One of the roles of the maintenance department now is the design of maintenance free equipment that does not break down, or if it does break down it can be repaired very easily.
Through analysis of maintenance data they can work with the equipment designers to improve future generations of machines to ensure greater reliability and ease of maintenance and repair.
TPM Autonomous Maintenance
Autonomous maintenance is one of the biggest aims of TPM, your operators become responsible for independent maintenance of the machines rather than running them to breakdown and passing them to the maintenance guys to fix.
The operators become responsible for the day to day maintenance such as tightening bolts and lubrication and basic inspections thus ensuring that the machines remain in optimal condition and problems are highlighted before breakdowns occur.
This also releases the maintenance technicians to work on other maintenance work such as maintenance prevention.
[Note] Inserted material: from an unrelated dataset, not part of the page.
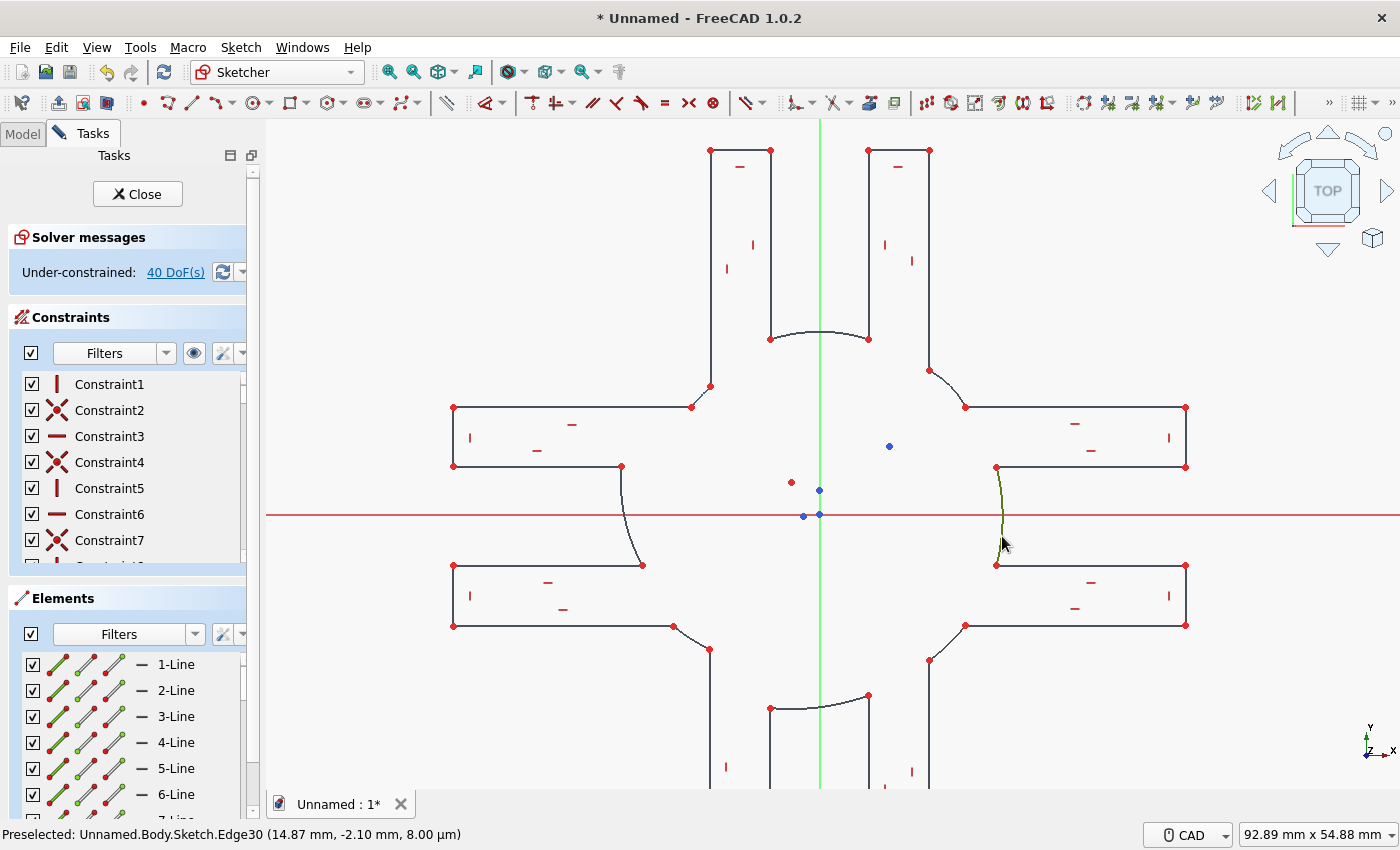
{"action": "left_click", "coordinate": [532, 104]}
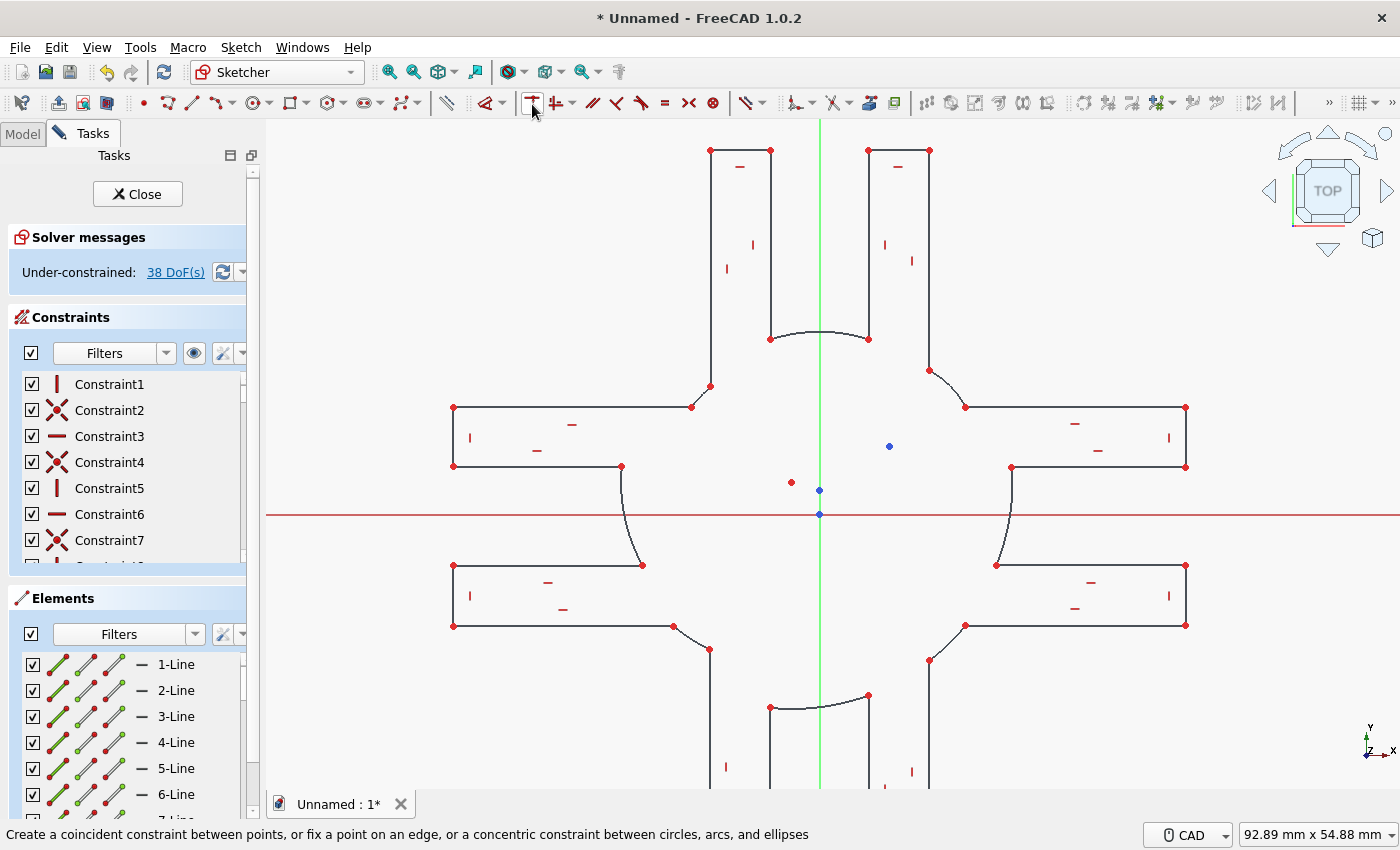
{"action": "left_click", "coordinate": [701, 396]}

Adoption of TPM into the Toyota Production System
Toyota adopted TPM very quickly along with 5S and other lean tools as part of their Toyota Production System (TPS) to ensure that they had machines and processes that could be relied on to provide the customer with what they wanted. Thus TPM has become an integral part of any Lean initiative.
TPM a Foundation Stone of Lean
TPM and 5S
5S is the methodical process for both organizing and standardizing your workplace within Lean. Like TPM it involves everyone within the workplace.
TPM follows many of the requirements of 5S and in fact it would be hard to implement TPM without also implementing 5S. 5S should be your first port of call when beginning your drive to implement TPM; together they provide your company with a solid foundation on which you can build future improvements.